5:30 p.m. ET; NBCSN, CBC, SN, FS-SW

Best-of-7 series is tied, 2-2

Anton Khudobin is expected to make his third straight start for the Dallas Stars when they play the Calgary Flames in Game 5 of the Western Conference First Round at Rogers Place in Edmonton on Tuesday.

Khudobin, who made 36 saves in a 5-4 overtime win in Game 4 on Sunday, is 1-2-0 with a 2.85 goals-against average and .899 save percentage in three starts in the series. Ben Bishop started and won Game 2, but he was scratched from Game 4 and Dallas coach Rick Bowness said he remains unfit to play.

"We have full confidence in [Khudobin]," Bowness said. "You go back to 2018-19, we're not in the playoffs without [Khudobin]. [Bishop] was hurt. When he went down, [Khudobin] stepped up. We're seeing that now."

The team that wins Game 5 to take a 3-2 lead is 211-58 (78.4 percent) winning a best-of-7 Stanley Cup Playoff series.

Flames forward Matthew Tkachuk, who has not played since he was injured in Game 2, remains day to day and will be reevaluated Tuesday morning. As part of the NHL Return to Play Plan, a team is not permitted to disclose player injury or illness information.

Here are 3 keys to Game 5:

1. Forgetting Game 4

The Flames were 12 seconds from taking a 3-1 series lead before Stars forward Joe Pavelski completed his first playoff hat trick to force overtime.
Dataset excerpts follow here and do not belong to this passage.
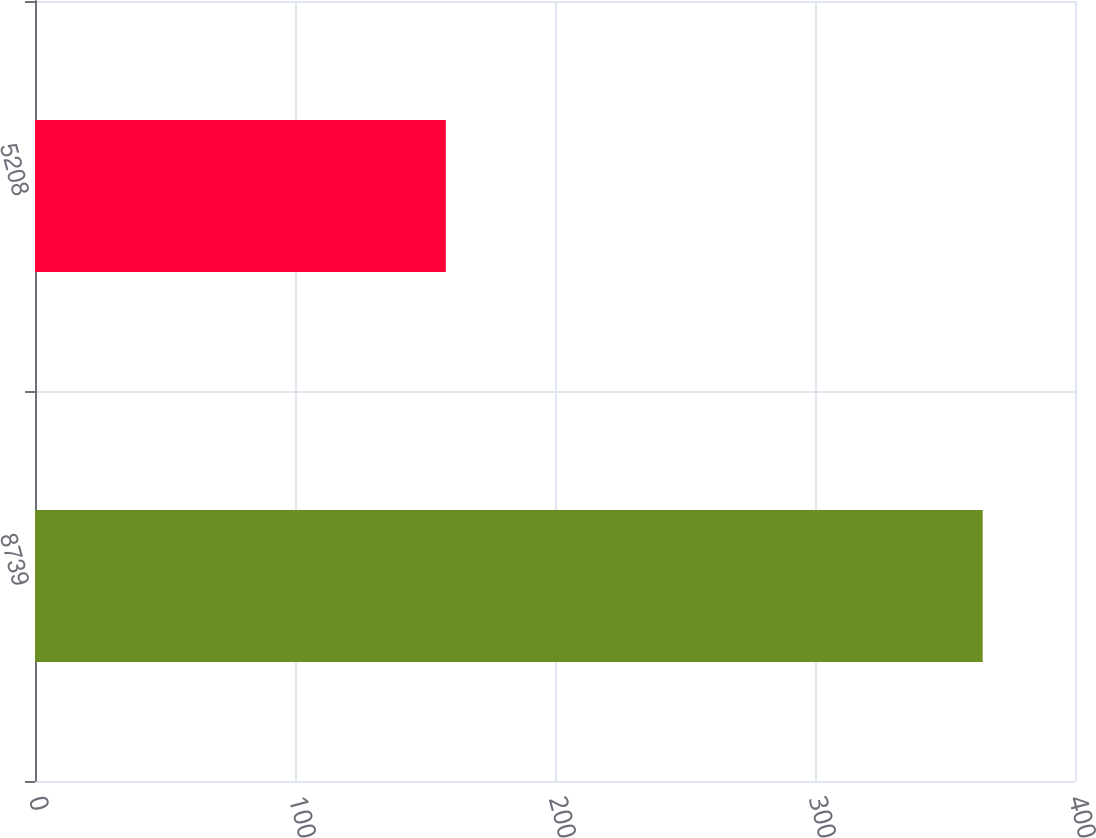<chart> <loc_0><loc_0><loc_500><loc_500><bar_chart><fcel>8739<fcel>5208<nl><fcel>364.5<fcel>158<nl></chart> 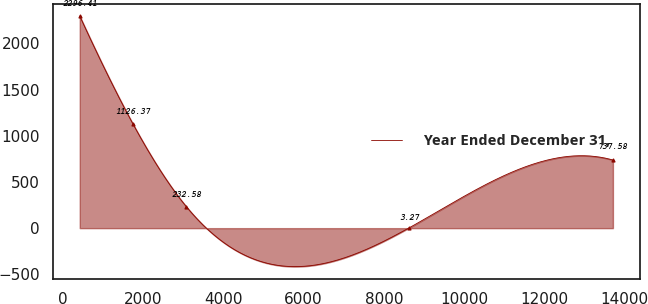Convert chart. <chart><loc_0><loc_0><loc_500><loc_500><line_chart><ecel><fcel>Year Ended December 31,<nl><fcel>421.87<fcel>2296.41<nl><fcel>1750.65<fcel>1126.37<nl><fcel>3079.43<fcel>232.58<nl><fcel>8629.59<fcel>3.27<nl><fcel>13709.7<fcel>737.58<nl></chart> 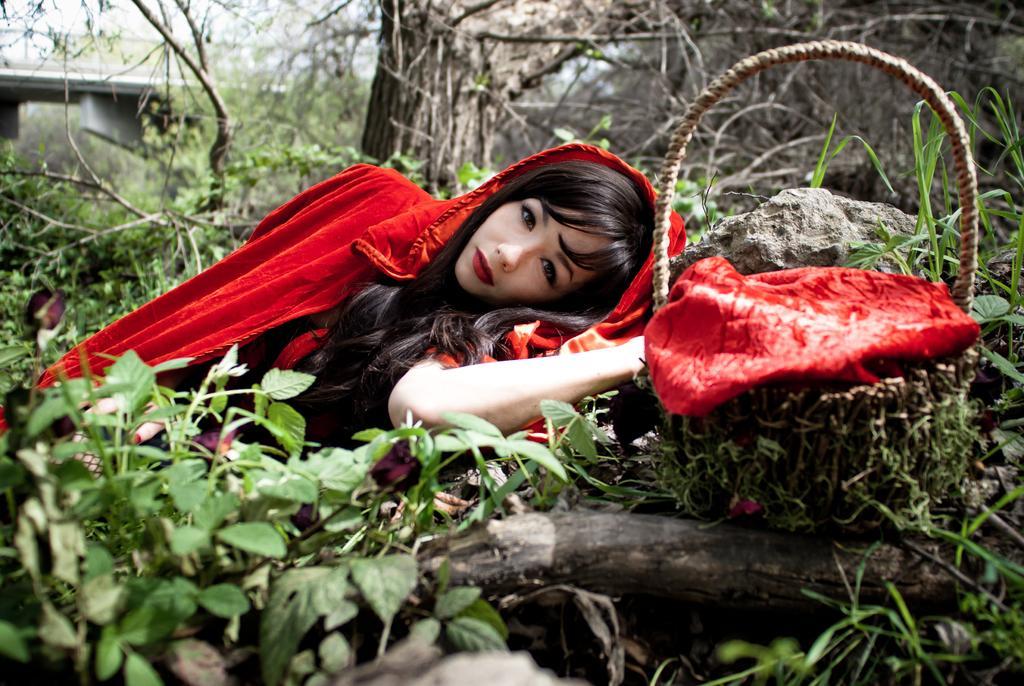Please provide a concise description of this image. In the center of the image a lady is lying on the ground. On the right side of the image a basket is there. In the background of the image we can see trees, plants, stem, grass are present. At the top left corner bridge is there.

Alexander Radulov scored the game-winning goal to complete the comeback, and the emotional letdown can't affect Calgary moving forward.

"In the playoffs, you can't get too high or too low," Flames goalie Cam Talbot said. "The emotions can get the better of you sometimes; you have to stay even-keeled. I think our team has done a good job of that after losses so far, and we're looking to rebound again."

Pavelski, Radulov lift Stars to OT win in Game 4

2. Compete level

Three of the four games have been decided by one goal (Calgary won Game 3 2-0), meaning there's little room for error on either side.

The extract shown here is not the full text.